Sono nato e cresciuto in un momento in cui il diritto all’aborto era un pilastro, e la sua messa in discussione un tabù. Oggi però la corrente spinge in senso opposto. E anche qui – non solo negli Usa – non possiamo sentirci al sicuro

Fra i diritti della modernità — quei diritti che ci fanno sentire fortunati di vivere in un presente per molti versi difficile —, il diritto all’aborto è il più fragile di tutti.

Lo è sempre stato.

E non tanto, come si ritiene comunemente, per la «delicatezza» del tema, per le aree di coscienza personale che investe e per quanto sia difficile stabilire scientificamente dove inizia la vita umana, quanto per la mole di pregiudizi — quasi tutti di matrice sessista — che attiva ancora in noi.

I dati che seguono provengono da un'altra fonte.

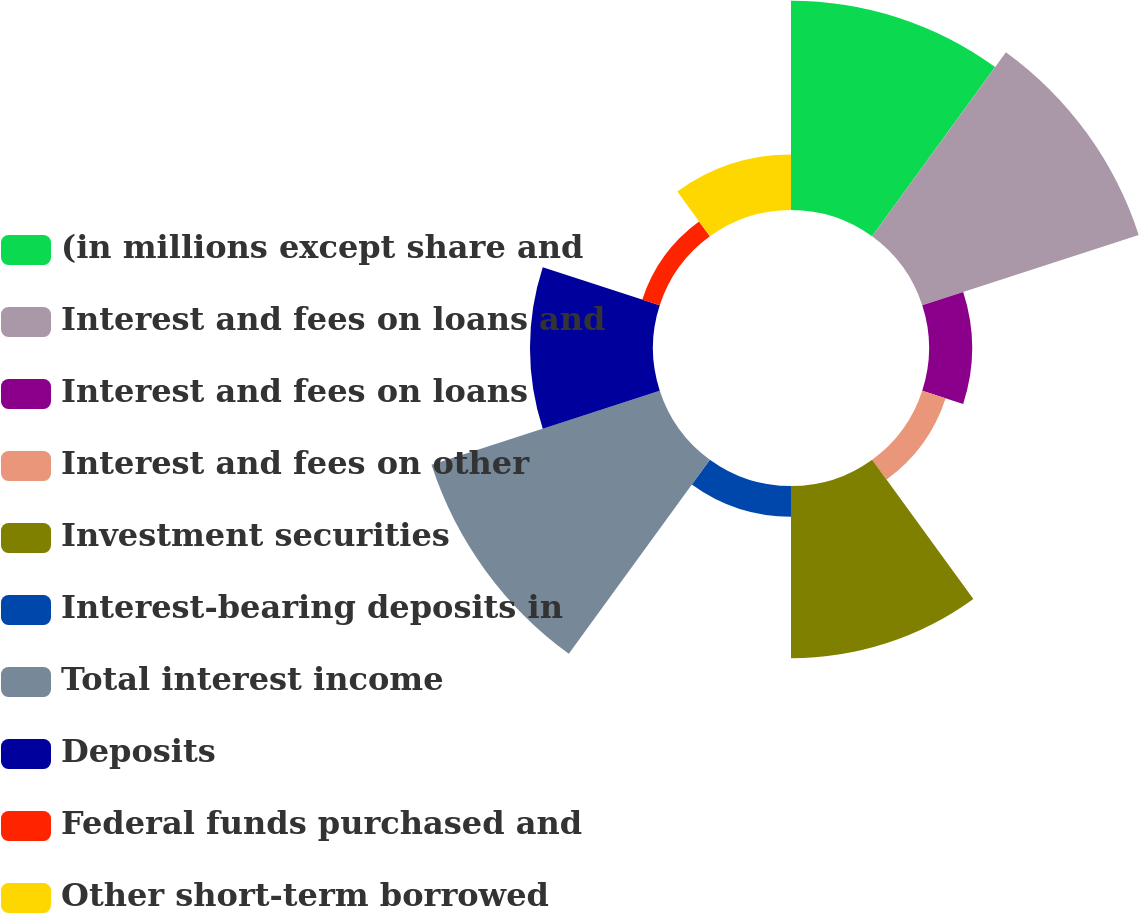<chart> <loc_0><loc_0><loc_500><loc_500><pie_chart><fcel>(in millions except share and<fcel>Interest and fees on loans and<fcel>Interest and fees on loans<fcel>Interest and fees on other<fcel>Investment securities<fcel>Interest-bearing deposits in<fcel>Total interest income<fcel>Deposits<fcel>Federal funds purchased and<fcel>Other short-term borrowed<nl><fcel>18.28%<fcel>19.89%<fcel>3.76%<fcel>2.15%<fcel>15.05%<fcel>2.69%<fcel>20.97%<fcel>10.75%<fcel>1.61%<fcel>4.84%<nl></chart> 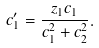Convert formula to latex. <formula><loc_0><loc_0><loc_500><loc_500>c _ { 1 } ^ { \prime } = \frac { z _ { 1 } c _ { 1 } } { c _ { 1 } ^ { 2 } + c _ { 2 } ^ { 2 } } .</formula> 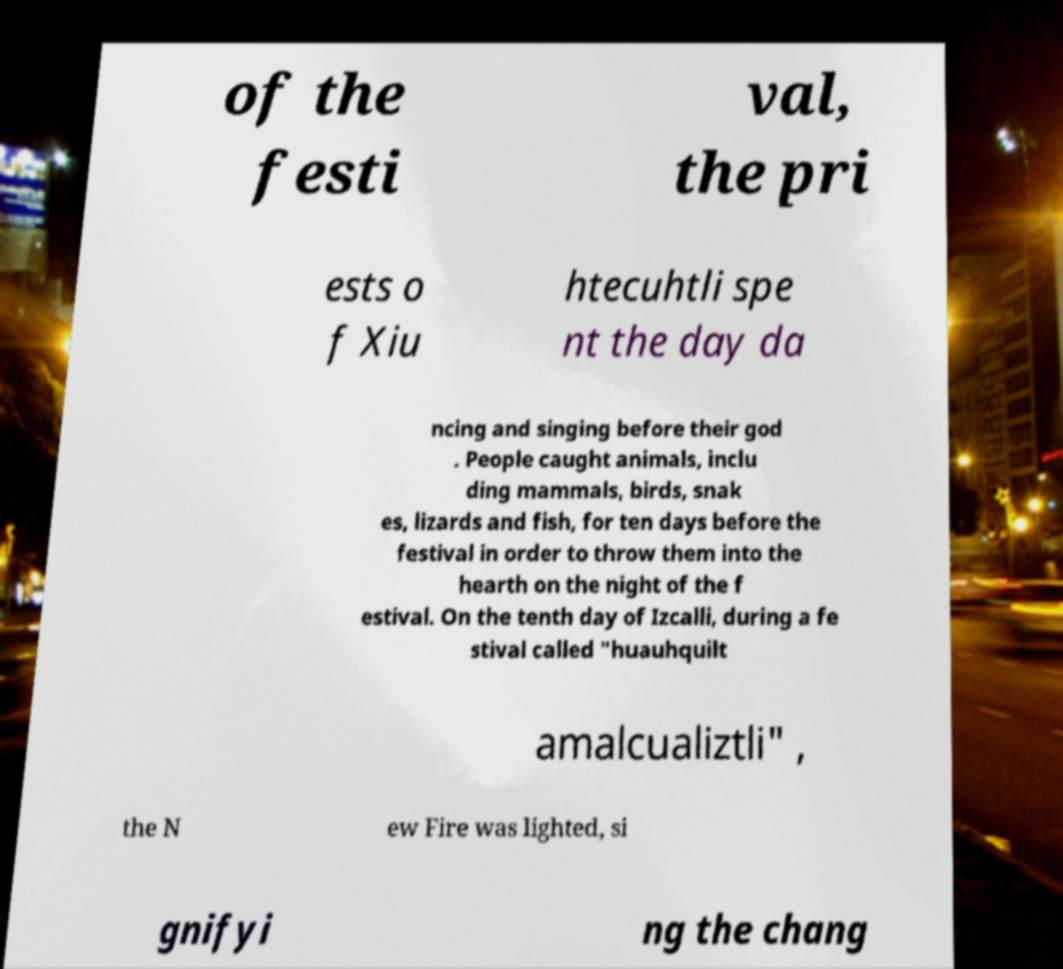Can you read and provide the text displayed in the image?This photo seems to have some interesting text. Can you extract and type it out for me? of the festi val, the pri ests o f Xiu htecuhtli spe nt the day da ncing and singing before their god . People caught animals, inclu ding mammals, birds, snak es, lizards and fish, for ten days before the festival in order to throw them into the hearth on the night of the f estival. On the tenth day of Izcalli, during a fe stival called "huauhquilt amalcualiztli" , the N ew Fire was lighted, si gnifyi ng the chang

Il più odioso di tutti, sotteso a molte posizioni dei gruppi di destra e dei movimenti pro vita, è che l’aborto sia in fin dei conti una via comoda, quasi sempre la riparazione di una sbadataggine, e comunque evitabile.

A più di quarant’anni dall’approvazione della 194, l’aborto è ancora qualcosa di cui non si parla, mai, neppure in privato, con la sola eccezione degli ambienti femministi. È un rimosso obbligatorio non solo per le donne che lo affrontano da sole ma perfino per le coppie stabili.

Se la legge ne ha sancito ormai da tempo la possibilità, la cultura non è mai riuscita a cancellarne i corollari di vergogna, di sconfitta, anzi peggio, di colpa.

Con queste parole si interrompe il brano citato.